“You have depression.”
“I think it may be bipolar disorder.”
“Borderline Personality is most likely.”
“Have you ever heard of Posttraumatic Stress Disorder?”
You’ve been feeling down lately and you decide to see your doctor. They might refer you to a psychiatrist, or choose to diagnose you themselves. You might do this several times over your lifetime, and each time, you get a different answer. You go, “what the fuck?”
It’s a common conundrum.
In psychiatry, we do not have the luxury of many of the tests and tools used by other fields of medicine. In other words, we don’t have the luxury of x-rays and blood tests to aid in the diagnosis of the vast majority of illnesses we work with. What does that mean? As psychiatrists, we rely primarily on our clinical expertise, the histories provided by individuals and their families, mental status exams, and whatever collateral information is available to come to our conclusions.

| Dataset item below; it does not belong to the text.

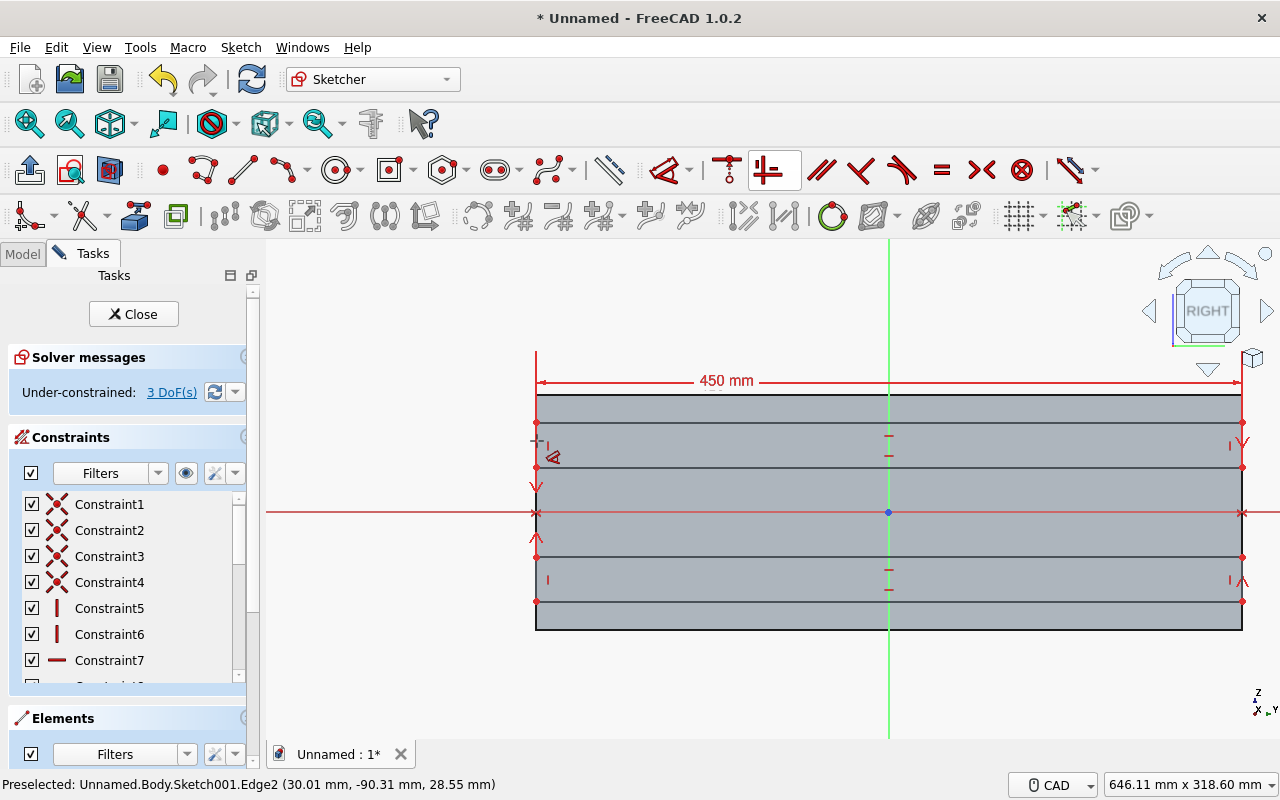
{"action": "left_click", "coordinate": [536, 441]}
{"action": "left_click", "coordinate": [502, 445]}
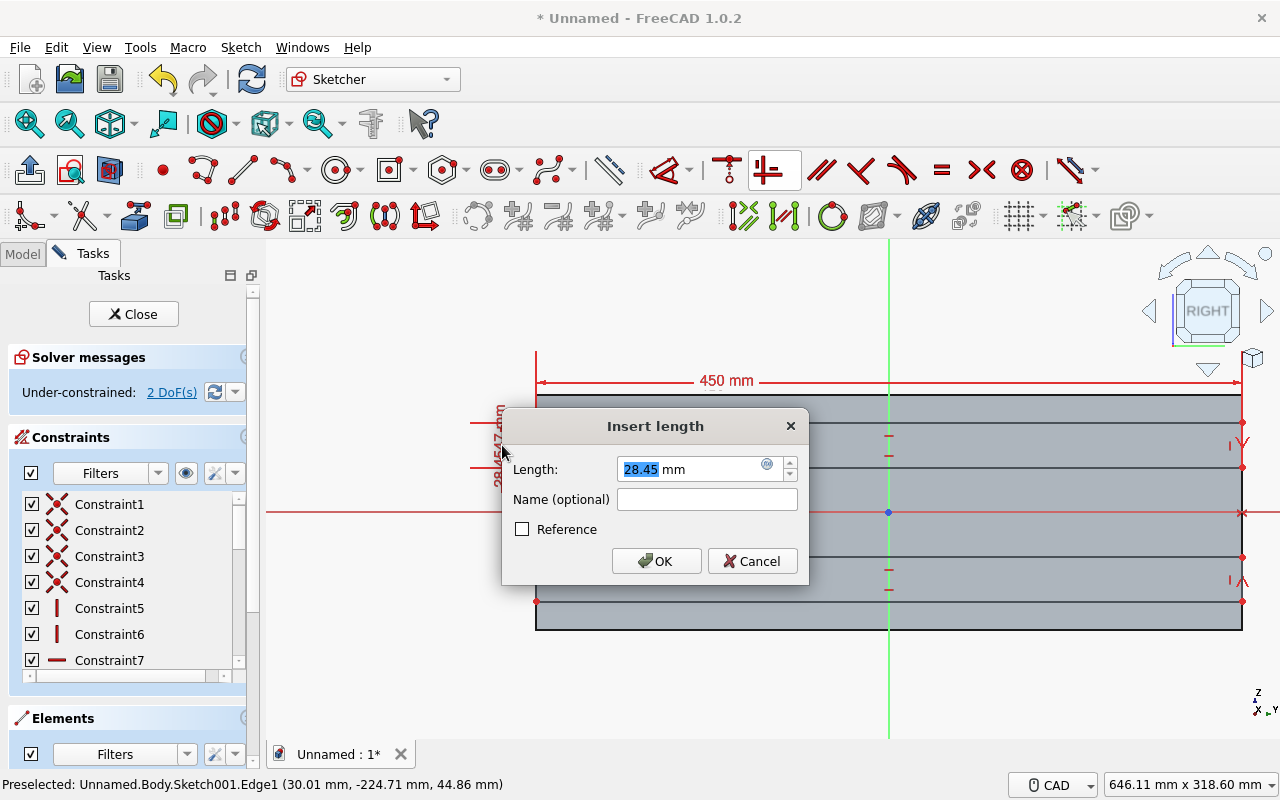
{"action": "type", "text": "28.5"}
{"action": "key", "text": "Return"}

After we have gathered all of the available information we arrive at a hypothesis, or best guess – don’t worry. We’re usually right! Psychiatric diagnosis is a finicky thing, because I’d be lying to you if I said I, or any other physician, had the ability to understand perfectly the inner workings of your mind and your own personal experience in an hour-long conversation. The point is, people are complicated, and what may appear as depression one day may come to reveal itself as posttraumatic stress disorder on another.
So what’s the point of seeing somebody, if their diagnosis may be fluid? We can help. Working with a mental health professional at times of difficulty can be an important resource, especially when in a publicly funded healthcare system such as Canada’s. Even if your diagnosis may evolve over time, our treatments are often (and usually) pointed in the right direction. The treatment for depression and anxiety are often the same, and the same is true for bipolar disorder and schizophrenia. Most importantly, regularly seeing a physician can be a rock during times of turbulence, and I would recommend that to anyone, regardless of diagnosis.
Dr. Travis Barron is a resident physician in the Department of Psychiatry at the University of Toronto in Toronto, Canada.